Pickering frowned. “Of all the people I might ask to share ownership of a racehorse with, Saxton would be last on my list.”

“Does this mean you prefer Turnbull's company?” Higgins asked in surprise. Jonathon Turnbull was yet another man who owned a share in Doolittle's racehorse.

“Good grief, I'd forgotten about him.” Pickering shook his head. “My word, Doolittle, you chose two of the most scurrilous chaps in London society as partners.”

“And lucky I was to get them.” Doolittle adjusted his brushed top hat. Dressed even finer than Colonel Pickering, he sported a black morning coat, sharply pressed striped trousers, a black waistcoat, white gloves, and a green Ascot tie. His Oxford dress boots fairly gleamed in the June sunlight. No doubt Doolittle's Savile Row tailor bills were impressive.

Higgins thought it time for a change of subject. “I trust you have been to the stables to see the Donegal Dancer. Does the jockey seem confident of victory?”

“Aye, Professor. Not only do I have the most fleet-footed colt to ever come from the Emerald Isle, there's not a jockey better than Bomber Brody to ride him. A word of advice: get an Irishman to ride an Irish horse. The horses know the difference, they do.” Doolittle had acquired the racehorse only three months ago, but acted as if he were on the Board of Stewards at the Jockey Club. “Anyway, gents, the next race begins in fifteen minutes. You don't want to be watching the most important race by jostling for a place along the track.”

“The King might disagree,” Pickering said. “Prince Palatine defends his title in the Gold Cup, and it's no secret His Majesty favors last year's champion. But Tracery may nose him out.”

“His Majesty is wrong to think the Gold Cup is the race to watch. He ain't seen my Donegal Dancer fly down the course, now has he? Aye, and when he does, I wager he'll want to buy my beauty. But none of us will sell a single hair on his fetlock.”

“That horse has a bewildering number of owners,” Higgins said. “I hardly think another one will matter.”

“I swear, I'd like as sell my darlin' Rose rather than surrender that sweet colt.”

“Alfie! The race is starting soon!” The aforementioned Rose waved from the other side of the paddock. Doolittle's wife looked as fancy as he did, and in their racing colors besides. Higgins's eyes popped at her shamrock green dress and tricorn hat festooned with purple berries. When this was combined with her brassy red hair, Rose made quite the colorful figure.
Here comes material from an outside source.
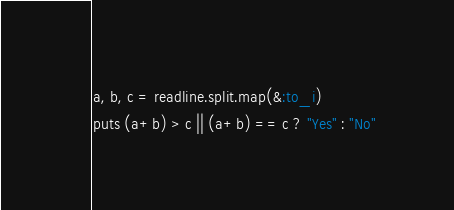<code> <loc_0><loc_0><loc_500><loc_500><_Ruby_>a, b, c = readline.split.map(&:to_i)
puts (a+b) > c || (a+b) == c ? "Yes" : "No"</code>

Doolittle sighed. “Wish you gents would give a few lessons to my Rose. After all, it only took the two of you a few months to turn Eliza into a proper lady. Makes me proud to see her parading about Ascot like a blooming snob. I don't mind telling you, Rose could do with a little polishing.”

Higgins shrugged. “Your wife seems to be doing fine at her first Ascot.”

“Let's go, Alfie!” Rose yelled again. “Get your arse over here.”

“Perhaps a little polishing might be in order,” Higgins added.

“I'd best get moving.” Doolittle gave an exaggerated sniff to the sprig of violets in his lapel. “She don't like to be kept waiting. And you two should get to our private box before the fun begins. Eliza is already there, eating every tea cake in sight. But I'm right offended she didn't wear the Donegal Dancer's racing colors. The least my daughter could do for her old dad is wear the green and purple of our silks.”

Higgins cast another look at the vividly arrayed Rose Doolittle. No reason to tell the man that Eliza was appalled at the idea of putting together a tasteful outfit in green and purple.